Воздух разморозился, ожил, словно бы рад был сбросить оковы холода, что сковали и отяжелили его, забегал невидимо и беспокойно туда и сюда — над землёй, над кустами, над творениями рук человеческих. Жизнь, жизнь, ты здесь, ты не ушла насовсем, это только казалось, что тебя нет.
Он стоял посреди проснувшейся природы, вдруг осуществленный, нашедший себя, он — АЛЕКСЕЙ ЛУНЕВ, человек, мужчина, двадцать пять лет, ныне живущий и здравствующий. Родился в Ринордийске, там же окончил школу, лет с пятнадцати начал писать стихи, потому поступил в Ринордийский Филологический Институт, сокращённо РФИ. Публиковался в газетах, поэтических альманахах, хоть и не очень интенсивно. В двадцать два года с отличием окончил университет, не то, что младший братец-лентяй, а ещё через год уехал в путешествие по загранице, частично на вырученные от публикаций средства, частично при содействии литературного сообщества. Через два года вернулся — в конце августа. С удивлением обнаружил, что довольно популярен в Ринордийске, а может — и за его пределами. В начале ноября написал эпиграмму на правителя страны, за что был сослан в степи приозёрья. Вот так-то.

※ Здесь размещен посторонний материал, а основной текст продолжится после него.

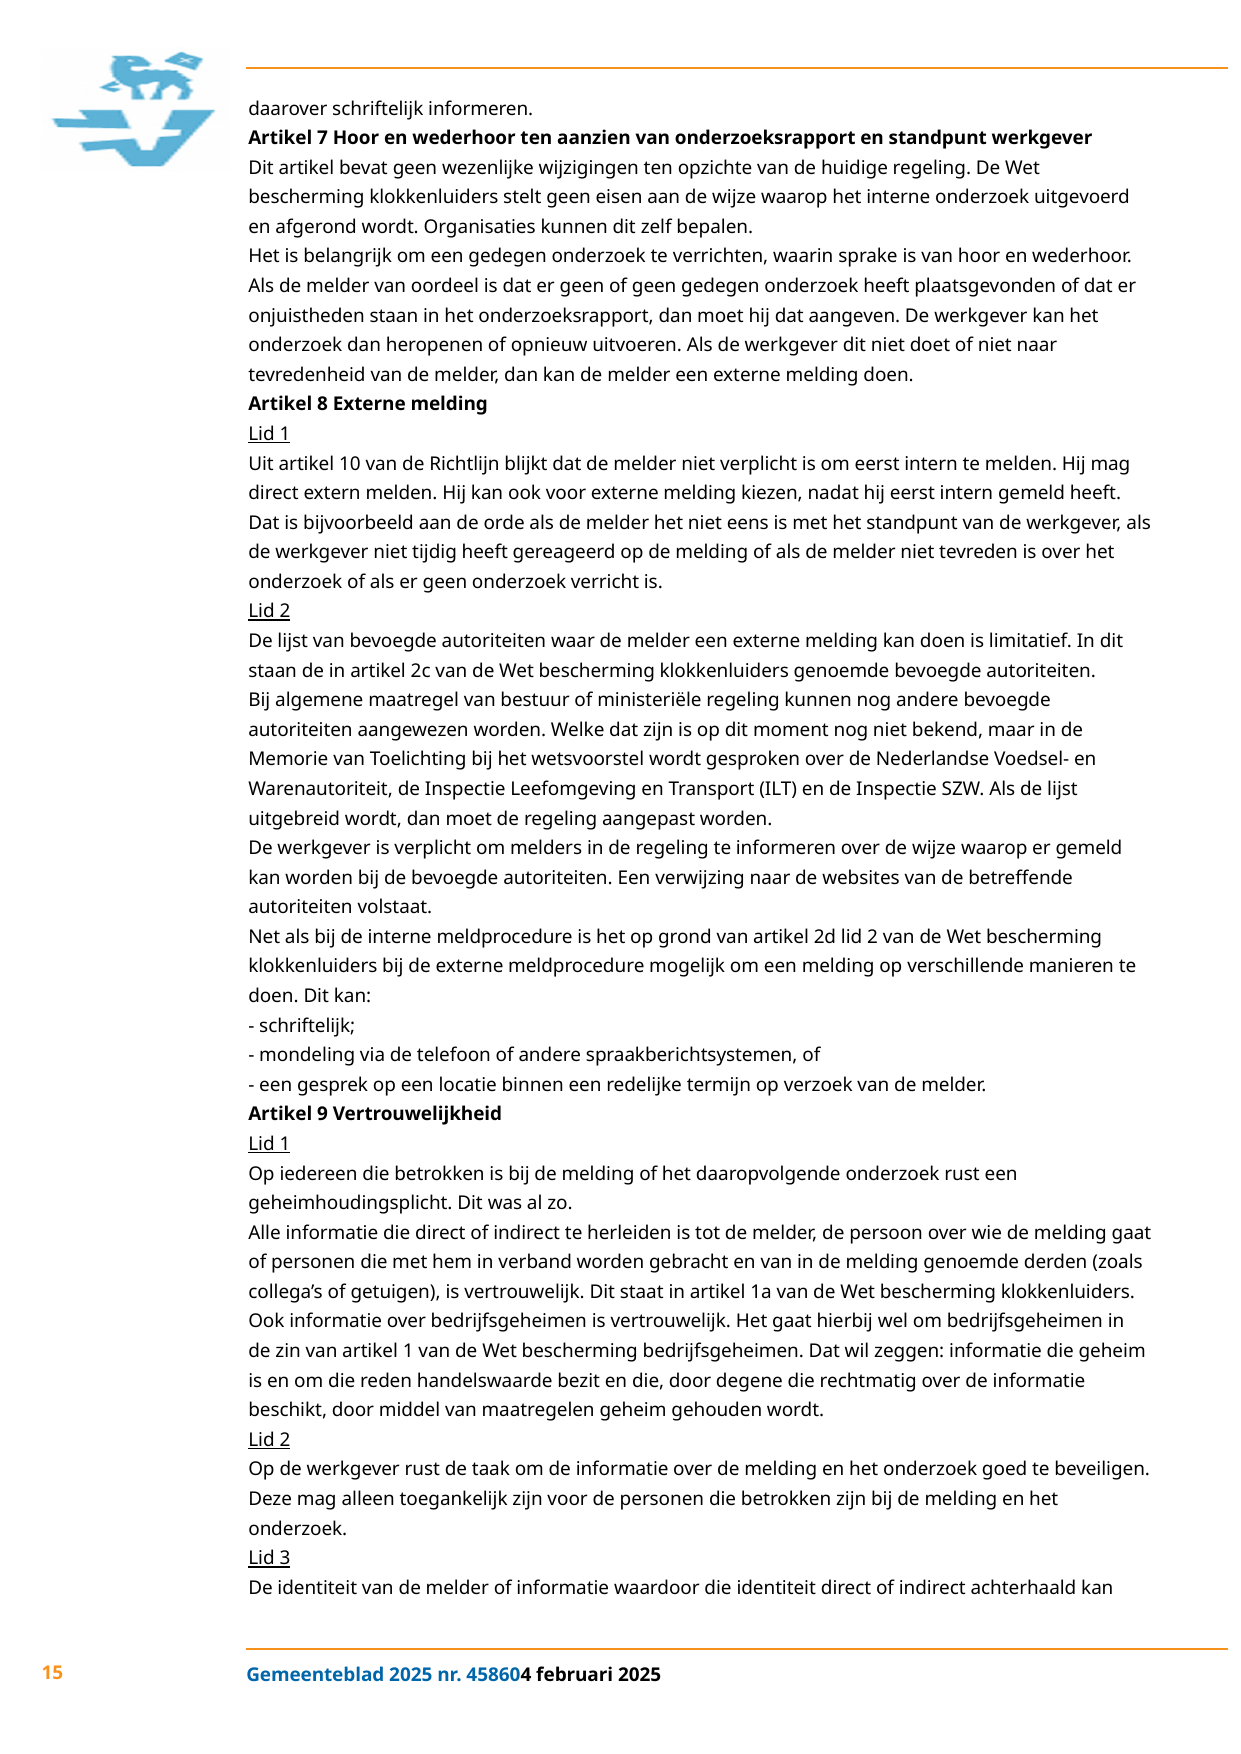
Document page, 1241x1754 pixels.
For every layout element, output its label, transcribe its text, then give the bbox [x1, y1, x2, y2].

text Op de werkgever rust de taak om de informatie over de melding en het onderzoek goed te beveiligen. Deze mag alleen toegankelijk zijn voor de personen die betrokken zijn bij de melding en het onderzoek. [248, 1456, 1152, 1541]
picture [41, 47, 231, 172]
text - mondeling via de telefoon of andere spraakberichtsystemen, of [248, 1041, 1152, 1067]
text Lid 2 [248, 598, 1152, 623]
text Op iedereen die betrokken is bij de melding of het daaropvolgende onderzoek rust een geheimhoudingsplicht. Dit was al zo. [248, 1160, 1152, 1215]
text Artikel 8 Externe melding [248, 391, 1152, 416]
text Alle informatie die direct of indirect te herleiden is tot de melder, de persoon over wie de melding gaat of personen die met hem in verband worden gebracht en van in de melding genoemde derden (zoals collega’s of getuigen), is vertrouwelijk. Dit staat in artikel 1a van de Wet bescherming klokkenluiders. Ook informatie over bedrijfsgeheimen is vertrouwelijk. Het gaat hierbij wel om bedrijfsgeheimen in de zin van artikel 1 van de Wet bescherming bedrijfsgeheimen. Dat wil zeggen: informatie die geheim is en om die reden handelswaarde bezit en die, door degene die rechtmatig over de informatie beschikt, door middel van maatregelen geheim gehouden wordt. [248, 1219, 1152, 1422]
text Lid 3 [248, 1544, 1152, 1570]
text De lijst van bevoegde autoriteiten waar de melder een externe melding kan doen is limitatief. In dit staan de in artikel 2c van de Wet bescherming klokkenluiders genoemde bevoegde autoriteiten. [248, 627, 1152, 683]
text Uit artikel 10 van de Richtlijn blijkt dat de melder niet verplicht is om eerst intern te melden. Hij mag direct extern melden. Hij kan ook voor externe melding kiezen, nadat hij eerst intern gemeld heeft. Dat is bijvoorbeeld aan de orde als de melder het niet eens is met het standpunt van de werkgever, als de werkgever niet tijdig heeft gereageerd op de melding of als de melder niet tevreden is over het onderzoek of als er geen onderzoek verricht is. [248, 450, 1152, 594]
text Artikel 7 Hoor en wederhoor ten aanzien van onderzoeksrapport en standpunt werkgever [248, 124, 1152, 150]
text Lid 2 [248, 1426, 1152, 1452]
text Lid 1 [248, 1130, 1152, 1156]
text De werkgever is verplicht om melders in de regeling te informeren over de wijze waarop er gemeld kan worden bij de bevoegde autoriteiten. Een verwijzing naar de websites van de betreffende autoriteiten volstaat. [248, 834, 1152, 919]
text Net als bij de interne meldprocedure is het op grond van artikel 2d lid 2 van de Wet bescherming klokkenluiders bij de externe meldprocedure mogelijk om een melding op verschillende manieren te doen. Dit kan: [248, 923, 1152, 1008]
text De identiteit van de melder of informatie waardoor die identiteit direct of indirect achterhaald kan [248, 1574, 1152, 1600]
text Dit artikel bevat geen wezenlijke wijzigingen ten opzichte van de huidige regeling. De Wet bescherming klokkenluiders stelt geen eisen aan de wijze waarop het interne onderzoek uitgevoerd en afgerond wordt. Organisaties kunnen dit zelf bepalen. [248, 154, 1152, 239]
text daarover schriftelijk informeren. [248, 95, 1152, 121]
text Lid 1 [248, 420, 1152, 446]
text Bij algemene maatregel van bestuur of ministeriële regeling kunnen nog andere bevoegde autoriteiten aangewezen worden. Welke dat zijn is op dit moment nog niet bekend, maar in de Memorie van Toelichting bij het wetsvoorstel wordt gesproken over de Nederlandse Voedsel- en Warenautoriteit, de Inspectie Leefomgeving en Transport (ILT) en de Inspectie SZW. Als de lijst uitgebreid wordt, dan moet de regeling aangepast worden. [248, 686, 1152, 831]
text - een gesprek op een locatie binnen een redelijke termijn op verzoek van de melder. [248, 1071, 1152, 1097]
text Artikel 9 Vertrouwelijkheid [248, 1101, 1152, 1126]
text - schriftelijk; [248, 1012, 1152, 1038]
text Het is belangrijk om een gedegen onderzoek te verrichten, waarin sprake is van hoor en wederhoor. Als de melder van oordeel is dat er geen of geen gedegen onderzoek heeft plaatsgevonden of dat er onjuistheden staan in het onderzoeksrapport, dan moet hij dat aangeven. De werkgever kan het onderzoek dan heropenen of opnieuw uitvoeren. Als de werkgever dit niet doet of niet naar tevredenheid van de melder, dan kan de melder een externe melding doen. [248, 243, 1152, 387]

Это открытие более всего поразило его тем, что всё это он знал уже когда-то. Так почему же только сейчас эти знания вернулись в своём прежнем виде? Как так получилось, что он как будто забыл всю свою жизнь, что за сон, наваждение, что за глубокий провал по ту сторону бытия, длительная заморозка живой памяти и самоосознания? Вот же он, тот самый Алексей Лунев, стоит здесь, никуда не исчезал, не прекращал существование, только был в анабиозе что ли или в коме, душевном таком эквиваленте комы, но всё это время жил. Живёт.